Everything: shoppers, labels on cartons of milk, cheery-hyper-organic Whole Foods chefs persuading you to buy air-fed chicken. Everything was so big! And there was so much of it! And you could get practically anything imaginable! Red tortilla chips! Organic pine nut butter! Tofu marshmallows!
“Look, there’s shrimp!” I shrieked, scattering a crowd of well-heeled West Side shoppers.
“She was in the Middle East,” my dad explained by way of apology to a concerned Whole Foods fishmonger who moved protectively toward his crustaceans. Later, my mother had to pry me away from the giant cheddar-cheese display.
All of a sudden, since I no longer have to convert from shekels or crowns into dollars, everything seems cheap. Or, at least, more affordable than Over There.
Despite the burning desire of Over There to emulate Over Here in any possible way, everything Here is different from Over There: Here, checkers ask you how you’re doing and whether you found everything. Shock! Bafflement!

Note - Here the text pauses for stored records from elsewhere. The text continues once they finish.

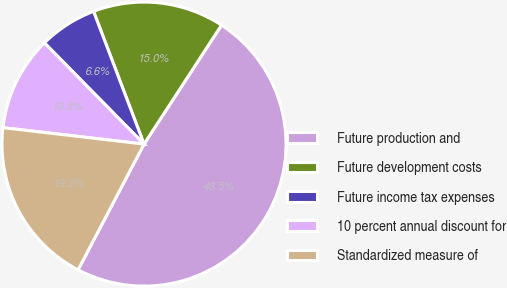Convert chart. <chart><loc_0><loc_0><loc_500><loc_500><pie_chart><fcel>Future production and<fcel>Future development costs<fcel>Future income tax expenses<fcel>10 percent annual discount for<fcel>Standardized measure of<nl><fcel>48.5%<fcel>14.97%<fcel>6.59%<fcel>10.78%<fcel>19.16%<nl></chart> 
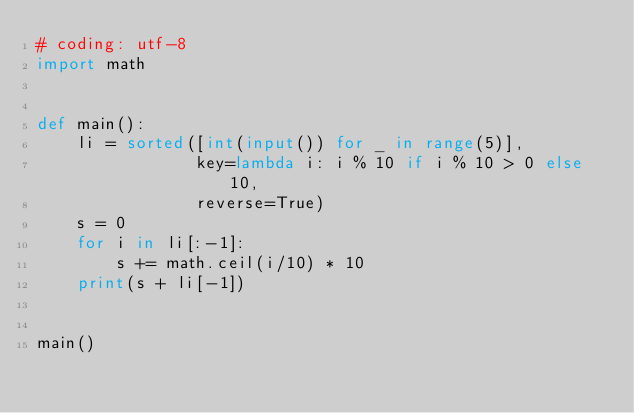Convert code to text. <code><loc_0><loc_0><loc_500><loc_500><_Python_># coding: utf-8
import math


def main():
    li = sorted([int(input()) for _ in range(5)],
                key=lambda i: i % 10 if i % 10 > 0 else 10,
                reverse=True)
    s = 0
    for i in li[:-1]:
        s += math.ceil(i/10) * 10
    print(s + li[-1])


main()</code> 
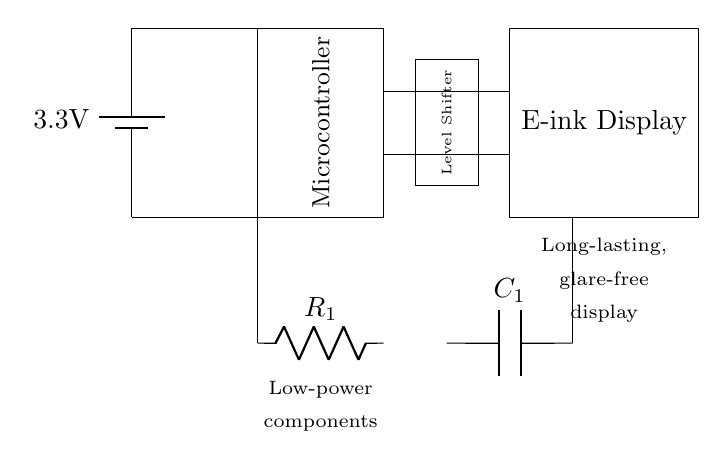What is the voltage of the power supply? The voltage is indicated on the battery symbol in the circuit and is labeled as three point three volts.
Answer: three point three volts What is the primary function of the microcontroller in this circuit? The microcontroller acts as the control unit, facilitating communication between the input (like sensors) and output devices (like the display).
Answer: control unit How many low-power components are shown in the diagram? There are two low-power components specified in the diagram, which are a resistor and a capacitor.
Answer: two What is the role of the level shifter in this circuit? The level shifter is necessary for converting voltage levels between devices, ensuring compatibility between the microcontroller and the e-ink display.
Answer: voltage level conversion What type of display is used in this circuit? The diagram specifies the use of an e-ink display, which is known for its low power consumption and glare-free reading capabilities.
Answer: e-ink display Which component provides the actual power to the circuit? The battery provides the necessary power supply for the entire circuit, indicated as having a voltage output.
Answer: battery At what point is the voltage input connected in the circuit? The voltage input is connected at the battery's positive terminal, which supplies power to the rest of the circuit.
Answer: battery positive terminal 
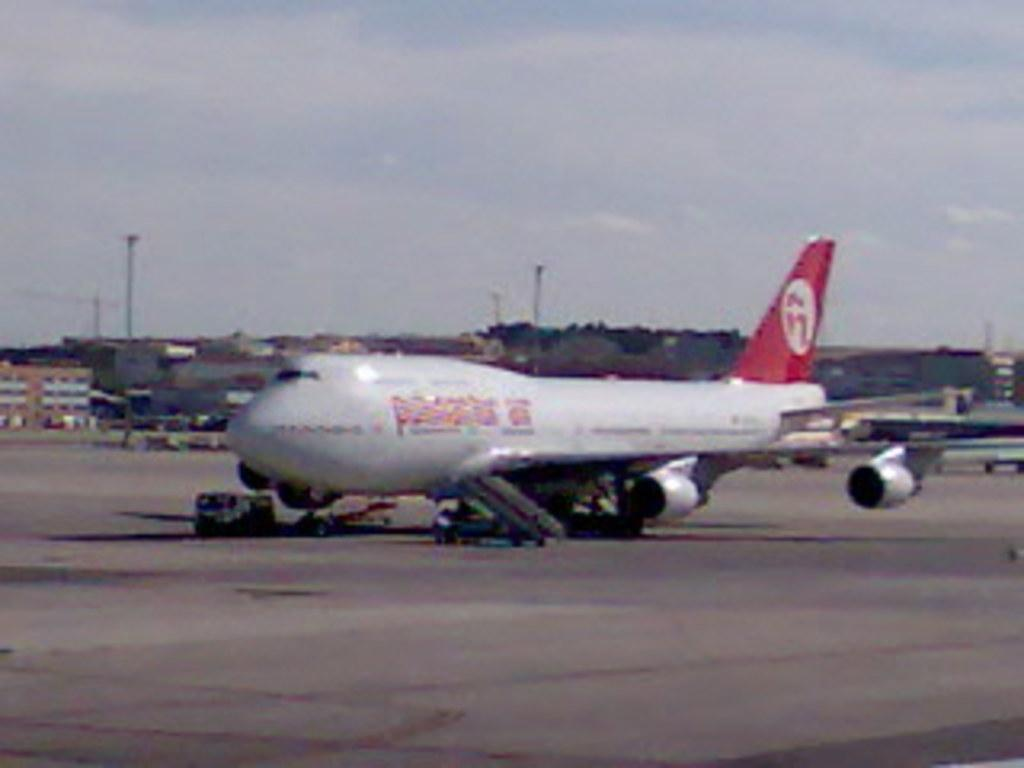What is the main subject of the image? The main subject of the image is an aircraft. Can you describe the colors of the aircraft? The aircraft is in white and red color. What can be seen in the background of the image? There are buildings, trees, and light poles in the background of the image. What is the color of the sky in the image? The sky is white in color. How many friends are sitting on the toys in the image? There are no friends or toys present in the image; it features an aircraft and a background with buildings, trees, and light poles. 
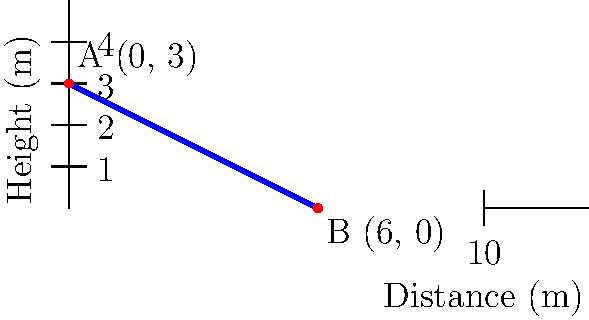During a crucial match against Merrimack Warriors, you observe their star player performing a powerful spike. The trajectory of the volleyball can be represented by the line shown in the graph. If point A represents the initial position of the ball at the moment of contact, and point B represents its position when it crosses the net, what is the slope of this line? Round your answer to two decimal places. To find the slope of the line representing the volleyball's trajectory, we can use the slope formula:

$$ m = \frac{y_2 - y_1}{x_2 - x_1} $$

Where $(x_1, y_1)$ is the coordinates of point A, and $(x_2, y_2)$ is the coordinates of point B.

From the graph, we can see that:
Point A: $(0, 3)$
Point B: $(6, 0)$

Let's plug these values into the slope formula:

$$ m = \frac{0 - 3}{6 - 0} = \frac{-3}{6} $$

Simplifying:

$$ m = -\frac{1}{2} = -0.5 $$

Therefore, the slope of the line is -0.5.

Rounded to two decimal places, the answer remains -0.50.
Answer: -0.50 
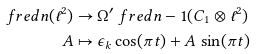<formula> <loc_0><loc_0><loc_500><loc_500>\ f r e d { n } ( \ell ^ { 2 } ) & \to \Omega ^ { \prime } \ f r e d { n - 1 } ( C _ { 1 } \otimes \ell ^ { 2 } ) \\ A & \mapsto \epsilon _ { k } \cos ( \pi t ) + A \, \sin ( \pi t )</formula> 
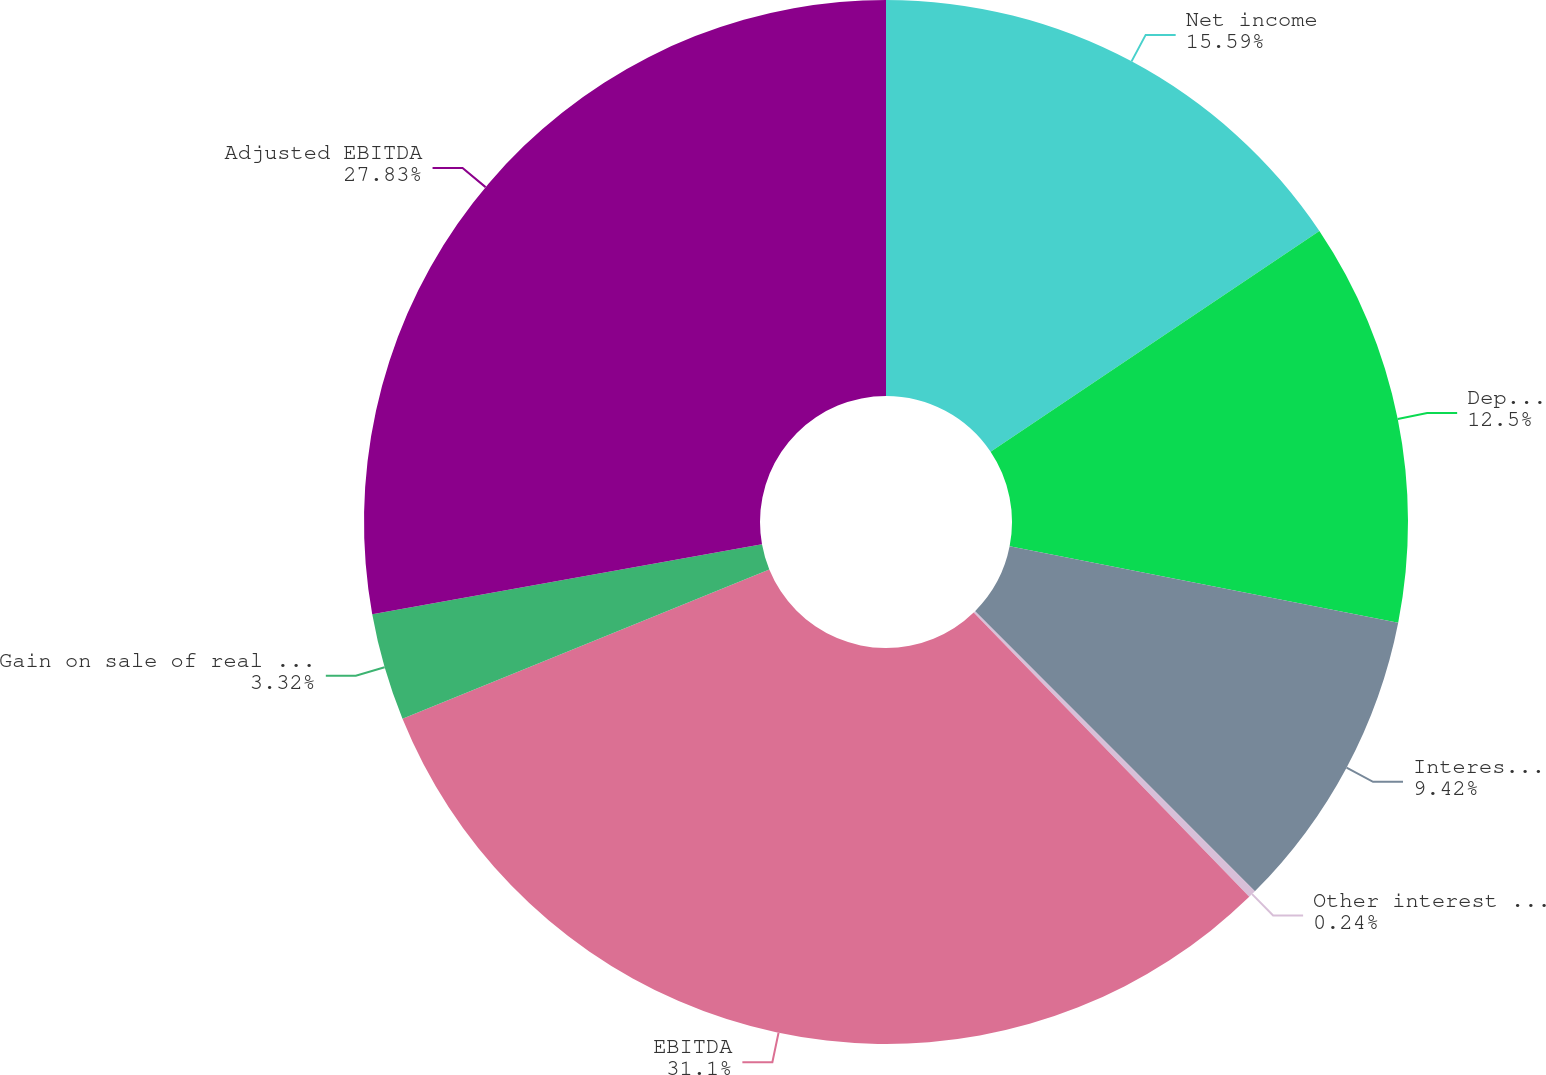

Here, waiters whisk your half-empty giant glass away and magically refill it. Customer service is something people Here take seriously. Bewilderment! Wonder!
Here, on the road, people stay in one lane for more than five seconds and then signal to change lanes! (Here, accellerating toward pedestrians is not a national sport.) It’s so civilized, it’s mad!
Here, you can go in a store, come out twenty minutes later, and the police are hauling away the guy in the car next to you for trying to hotwire that car.
Here, there’s a law about when you can light a fire in your fireplace.
Here, people drive Hum-Vees with “W. in ‘04″ bumper stickers.